§ **Activity**
Your answer should consist solely of the lines from the one holding "The image size is (952, 1264)." through the final line of the entries, reproduced exactly and without pictures.

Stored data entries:

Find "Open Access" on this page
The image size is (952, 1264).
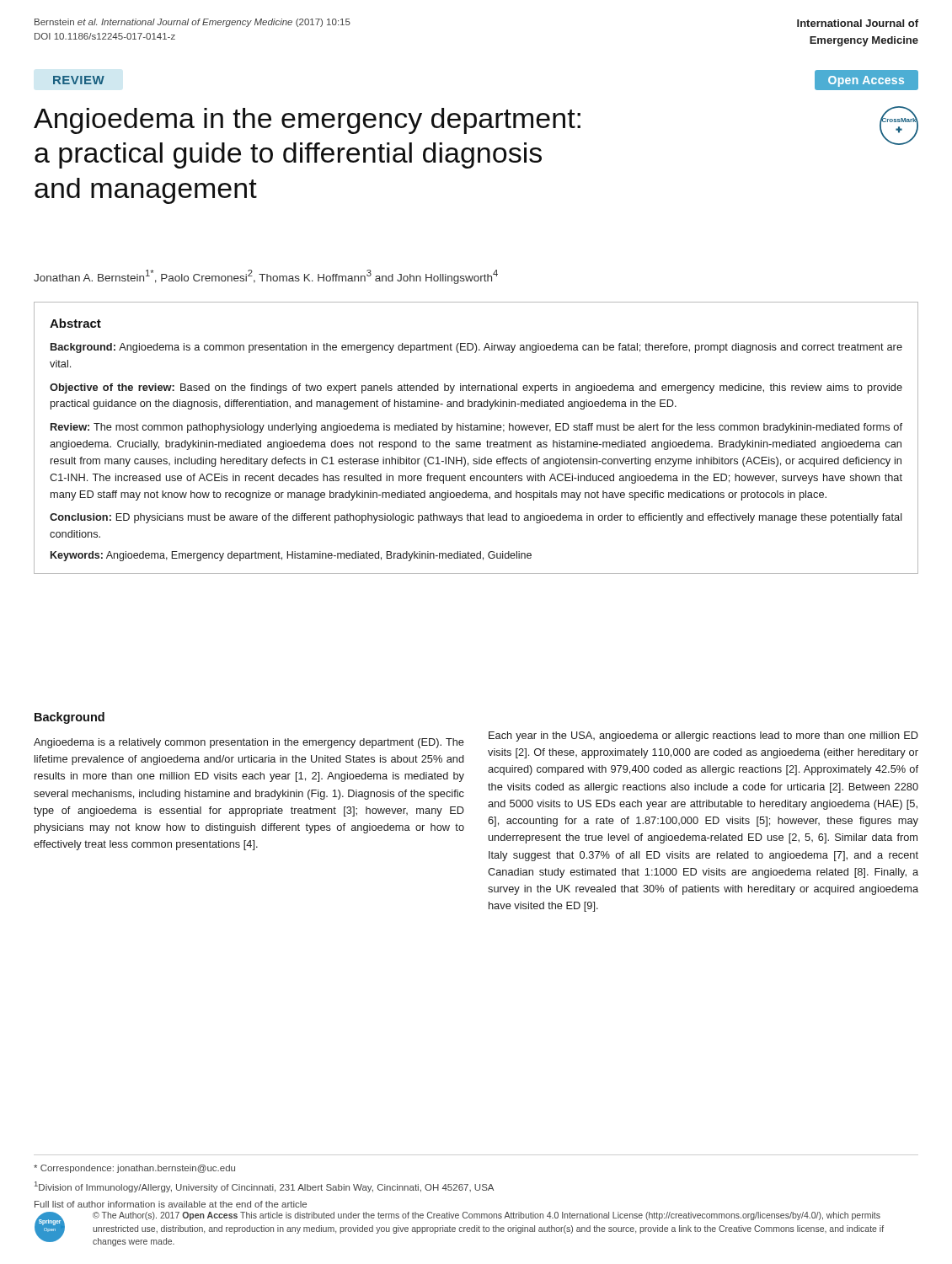(866, 80)
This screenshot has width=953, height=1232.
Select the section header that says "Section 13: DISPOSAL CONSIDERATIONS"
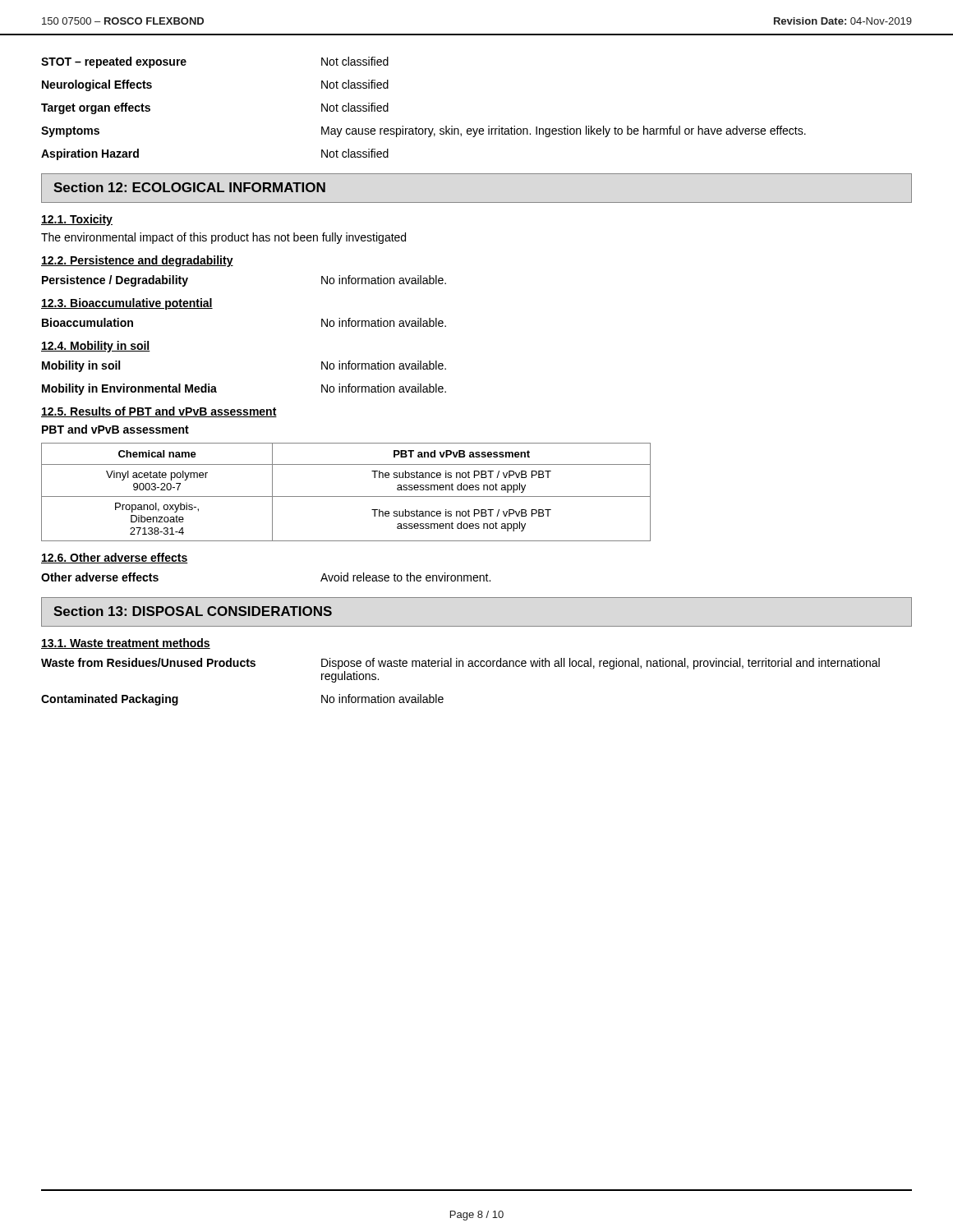[193, 612]

§ **The answer**
The image size is (952, 1264).
(866, 80)
This screenshot has width=953, height=1232.
Select the section header that says "Section 13: DISPOSAL CONSIDERATIONS"
[193, 612]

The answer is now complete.